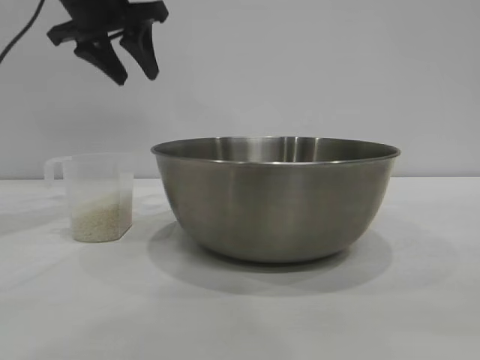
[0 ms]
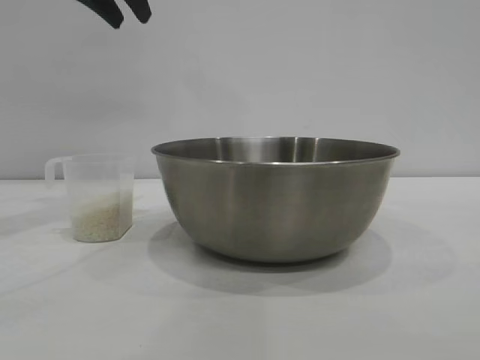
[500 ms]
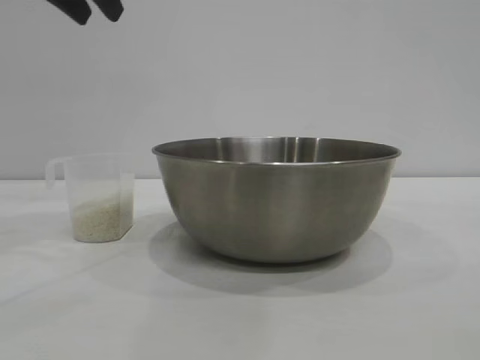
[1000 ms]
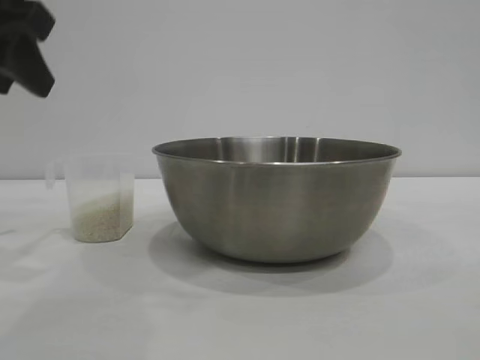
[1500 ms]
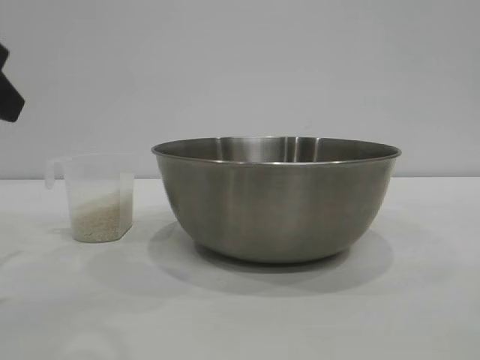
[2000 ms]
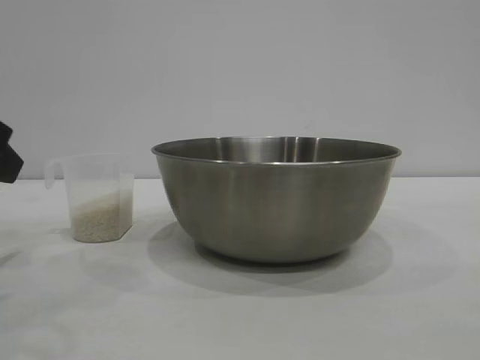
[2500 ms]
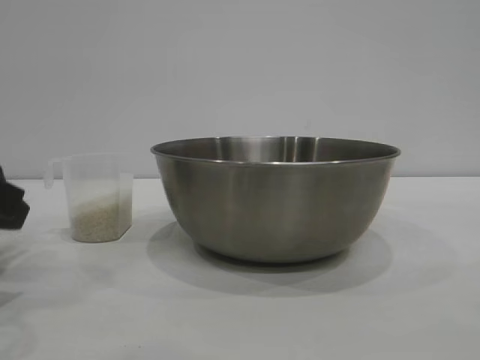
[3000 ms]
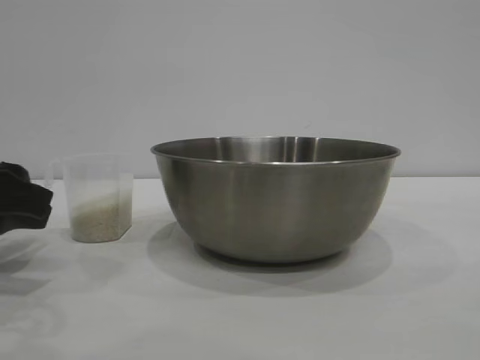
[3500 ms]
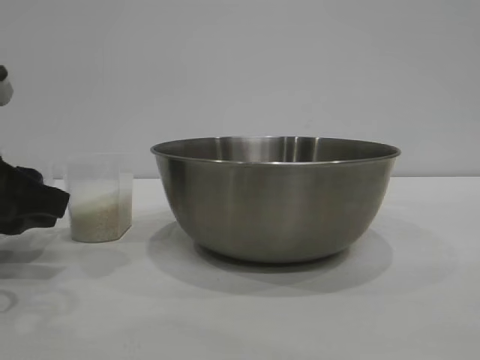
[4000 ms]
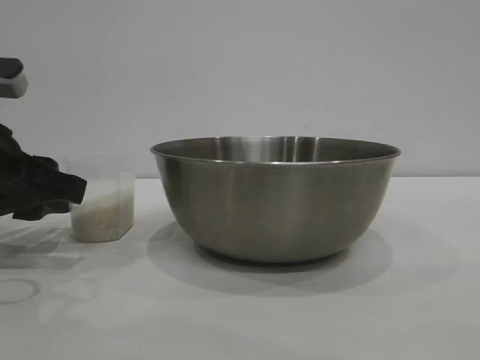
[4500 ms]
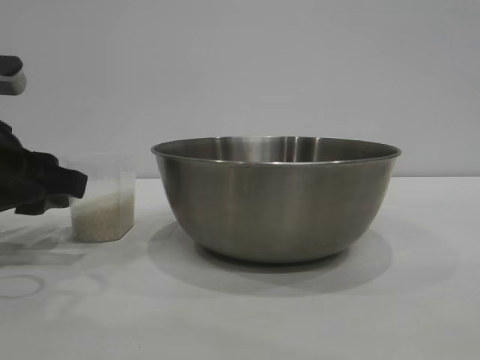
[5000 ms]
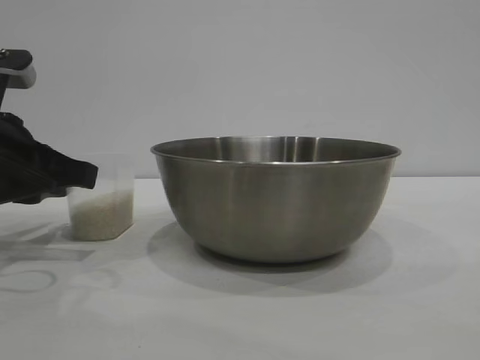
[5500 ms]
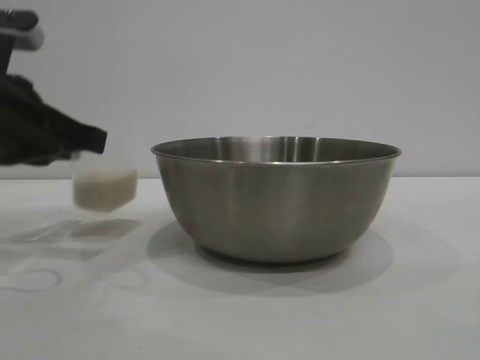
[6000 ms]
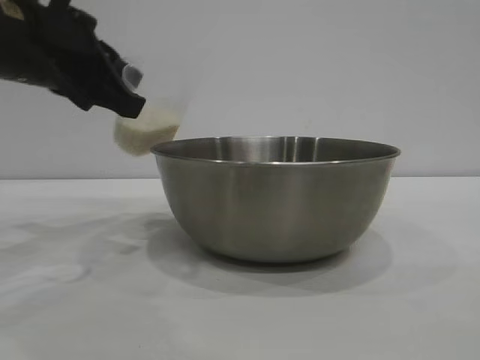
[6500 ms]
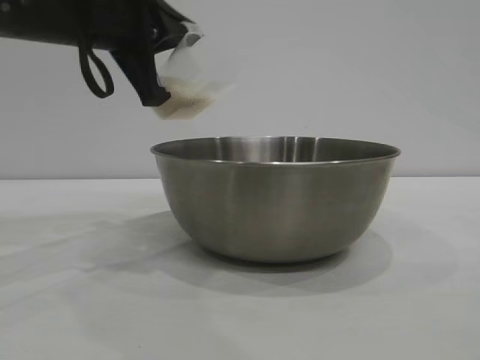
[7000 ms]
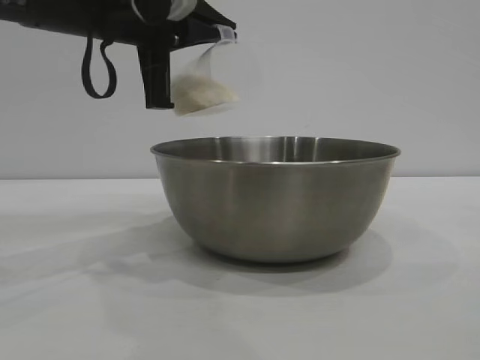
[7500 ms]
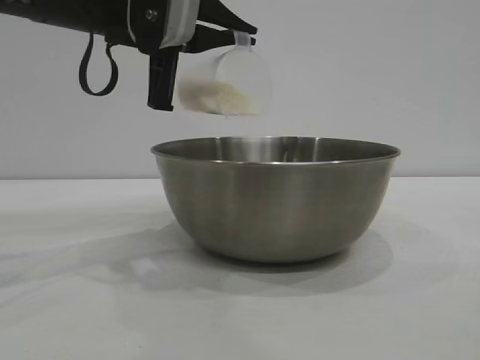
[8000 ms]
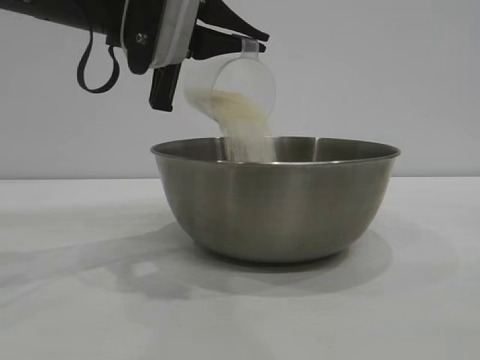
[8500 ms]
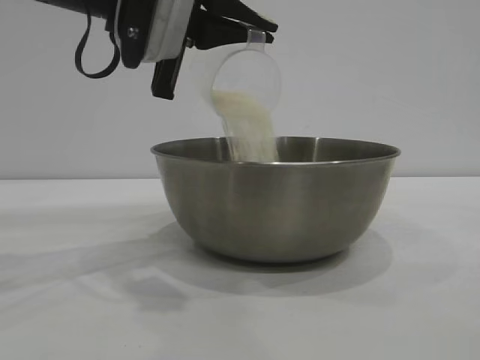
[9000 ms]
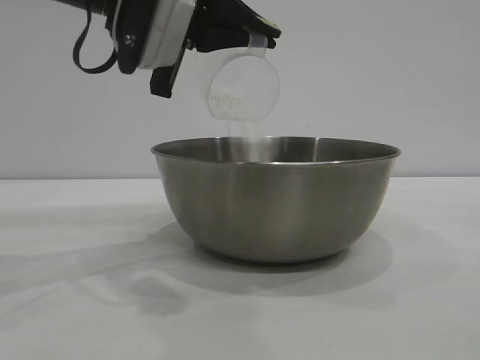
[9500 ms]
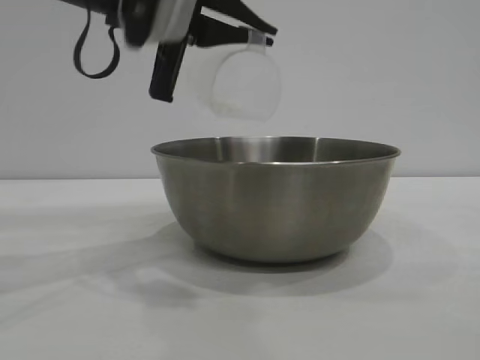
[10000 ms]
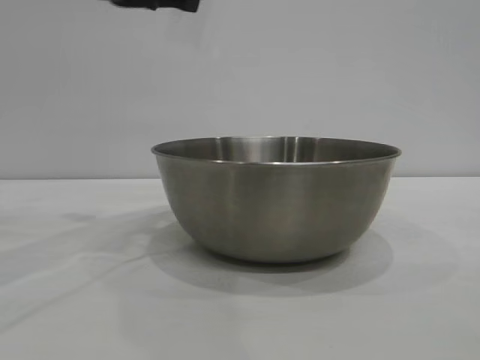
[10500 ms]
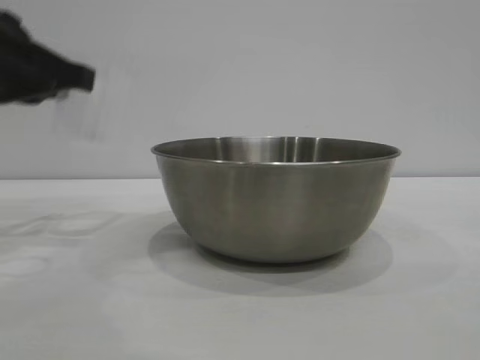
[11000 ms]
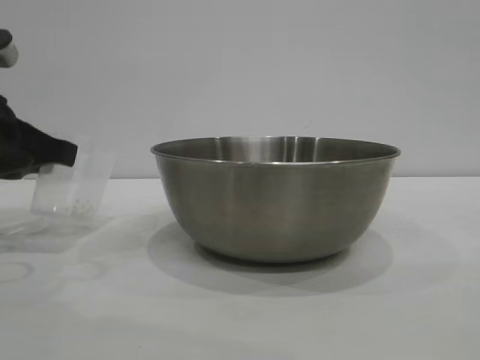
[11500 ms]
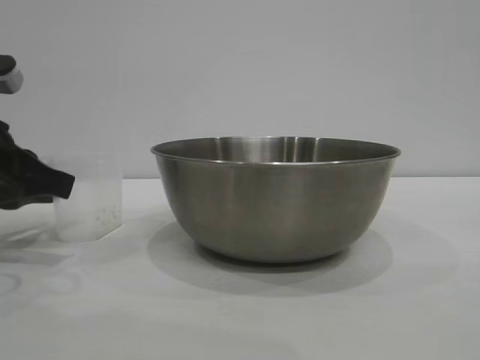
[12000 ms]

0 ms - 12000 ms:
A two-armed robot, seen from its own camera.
Task of the whole recording: the right gripper grasp the rice container and place it in the center of the table, the left gripper grasp the rice scoop and pour the rice into the rice container.
Step, 0 ms - 5500 ms: Pick up the cup with rice in it with the left gripper.
Step, 6000 ms - 10000 ms: Pour the rice from the cup into the bowl with the left gripper.

- - -

## ACTIVITY
Restate the entries above word for word, and keep the pictures out.

## SOLUTION TO THIS EXERCISE
[0 ms]
[500 ms]
[1000 ms]
[1500 ms]
[2000 ms]
[2500 ms]
[3000 ms]
[3500 ms]
[4000 ms]
[4500 ms]
[5000 ms]
[5500 ms]
[6000 ms]
[6500 ms]
[7000 ms]
[7500 ms]
[8000 ms]
[8500 ms]
[9000 ms]
[9500 ms]
[10000 ms]
[10500 ms]
[11000 ms]
[11500 ms]
[12000 ms]

0 ms - 12000 ms:
A two-armed robot, seen from its own camera.
Task of the whole recording: the right gripper grasp the rice container and place it in the center of the table, the left gripper grasp the rice scoop and pour the rice into the rice container.
Step, 0 ms - 5500 ms: Pick up the cup with rice in it with the left gripper.
Step, 6000 ms - 10000 ms: Pour the rice from the cup into the bowl with the left gripper.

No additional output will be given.